4. the phishing URL detection method based on word sequence as claimed in claim 2, is characterized in that, described using dictionary carries out word segmentation by the mode of forward maximum matching and comprises:

Determine whether the entire string is in the dictionary, and if so, no word segmentation is performed;

If not, remove the last character and judge whether the remaining string is in the dictionary;

Repeat the above judgment process until the word in the dictionary is matched, and then remove the word in the match;

Continue to perform the above steps on the remaining part of the string until all the strings are processed;

If the string does not contain words in the dictionary, it is broken into individual characters.

5. the phishing URL detection method based on word sequence as claimed in claim 4, is characterized in that, described dictionary selects the Google English word corpus disclosed by Peter Norvig for use.

6. the phishing URL detection method based on word sequence as claimed in claim 2, is characterized in that, the classification model that adopts training data training selects the two-way LSTM model based on word sequence to train.

7. the phishing URL detection method based on word sequence as claimed in claim 1, is characterized in that, adopts training data training classification model to comprise:

The training data is randomly divided into a training part and a verification part, and the bidirectional LSTM model is trained by setting parameters such as hyperparameters and activation functions of the neural network model.

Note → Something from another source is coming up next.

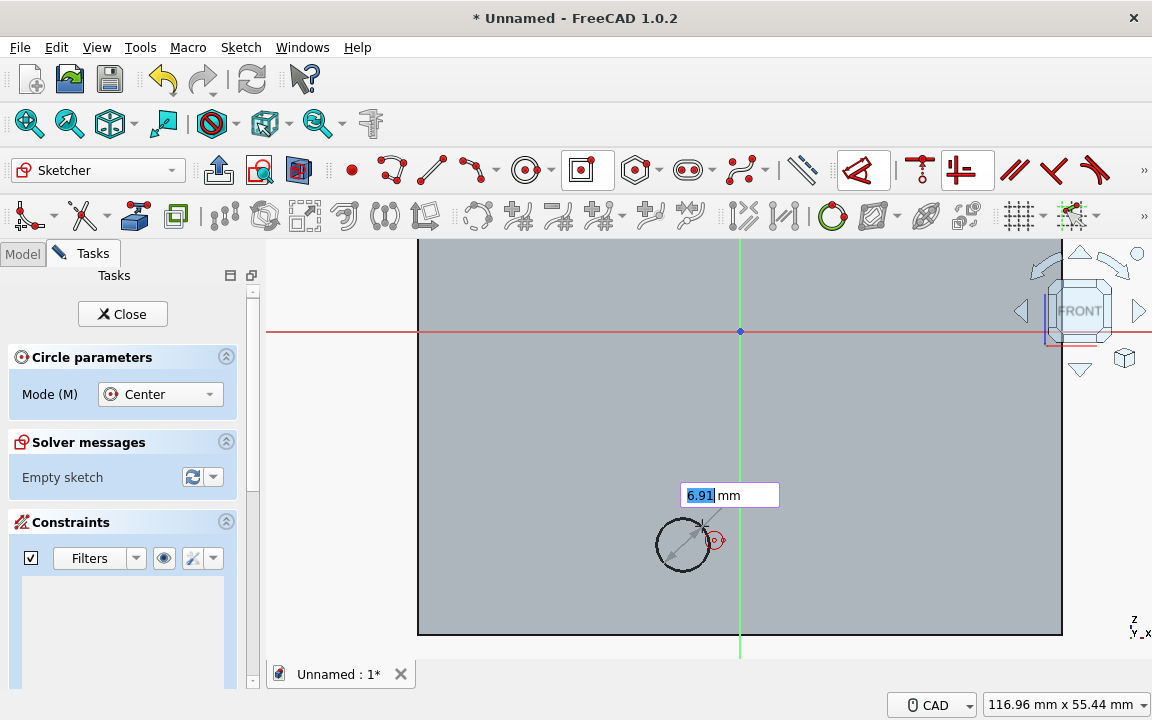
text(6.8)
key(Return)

8. the phishing URL detection method based on word sequence as claimed in claim 7, is characterized in that, two-way LSTM model comprises embedding layer, two-way LSTM layer, dropout layer and sigmoid layer four-layer neural network, adopts training data training classification model to also Including: using the dropout function on the output of the bidirectional LSTM layer to prevent overfitting.

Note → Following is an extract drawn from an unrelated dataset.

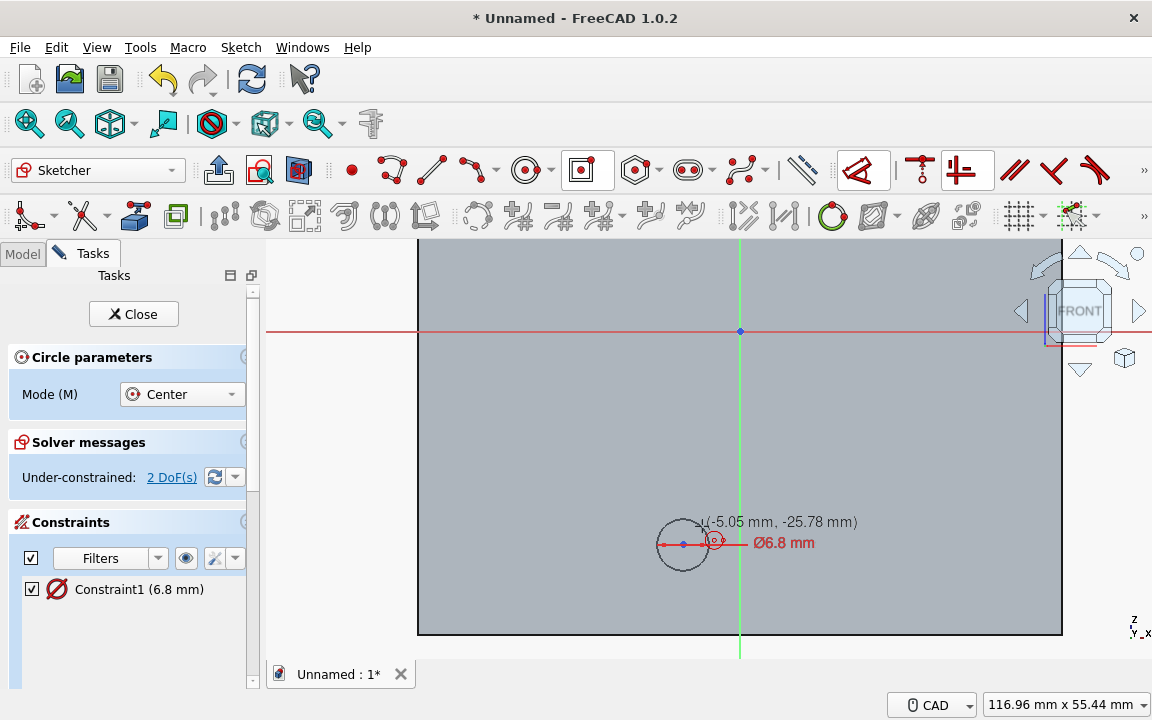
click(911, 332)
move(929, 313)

9. A phishing URL detection system based on word sequences, comprising:

Conversion modules and classification training models;

The conversion module is used to convert the marked URL into a word sequence vector as the training data of the training classification model; and is used to convert the unknown URL into a word sequence vector and input it into the trained classification model for labeling.